Coming from within the world of private clubs, Keith had an understanding of higher-end branded golf apparel, that most coveted of souvenirs often collected by golfers as they travel from club to club. It is just that type of apparel that Keith noticed both member and visitor players sporting (pun very much intended) on the courses. And he saw potential — big potential.
The Captains has the largest pro shop of any of the destination courses on the Cape, and it was filled good quality, mid-range gear and clothing. Since starting in October, Keith has been on a bit of spending spree, reaching out to suppliers of high-end branded apparel and gear with whom he had worked in the past and introducing new lines to our pro shop. He also redesigned the logo, coming up with a pared-down version that is more instantly recognizable when emblazoned in a discreet size on shirt, jacket, or cap.
The end result (or is it the beginning?) of Keith’s off-season efforts is a pro shop that is now filled with coveted brands of all things golf, most of which are adorned with the new logo.
Members and visitors will now find an array of Ping products and a complete line of Vineyard Vines. Also new to the shop are branded pieces from TravisMathew and Turtleson, as well as Full Turn, the private label company that has outfitted the Presidents Cup U.S. and international teams.
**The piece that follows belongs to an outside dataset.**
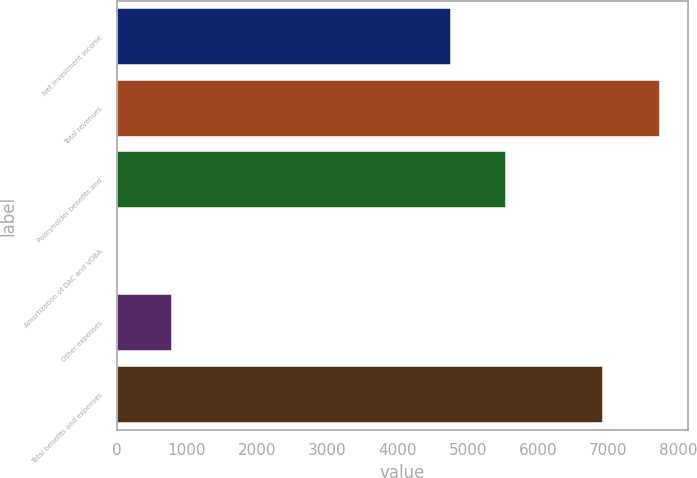<chart> <loc_0><loc_0><loc_500><loc_500><bar_chart><fcel>Net investment income<fcel>Total revenues<fcel>Policyholder benefits and<fcel>Amortization of DAC and VOBA<fcel>Other expenses<fcel>Total benefits and expenses<nl><fcel>4766<fcel>7742<fcel>5538.7<fcel>15<fcel>787.7<fcel>6918<nl></chart>

New lines geared toward women golfers include IBKUL, Nivo, and Puma.
The pro shop itself has also had a bit of a facelift.
“I had to learn visual merchandising when I was working in a golf shop,” explained Keith. He has tapped into that experience, as well as how he sees merchandise displayed and sold at Augusta National, to adjust displays in our shop so that they are brighter and more inviting.
Keith sees club fittings as a natural extension of both golf club sales and teaching. This season will be our first of offering dedicated club fittings.
“It used to be you went to your golf pro to get fitted,” said Keith, and it is a practice he and course management are committed to resurrecting.
With Keith and Pat partnering as co-head PGA pros, and working in tandem with Jay and Colin and The Captains’ crew, our future looks brighter and brighter. And thanks to Keith’s efforts, that future may also be more fashionable.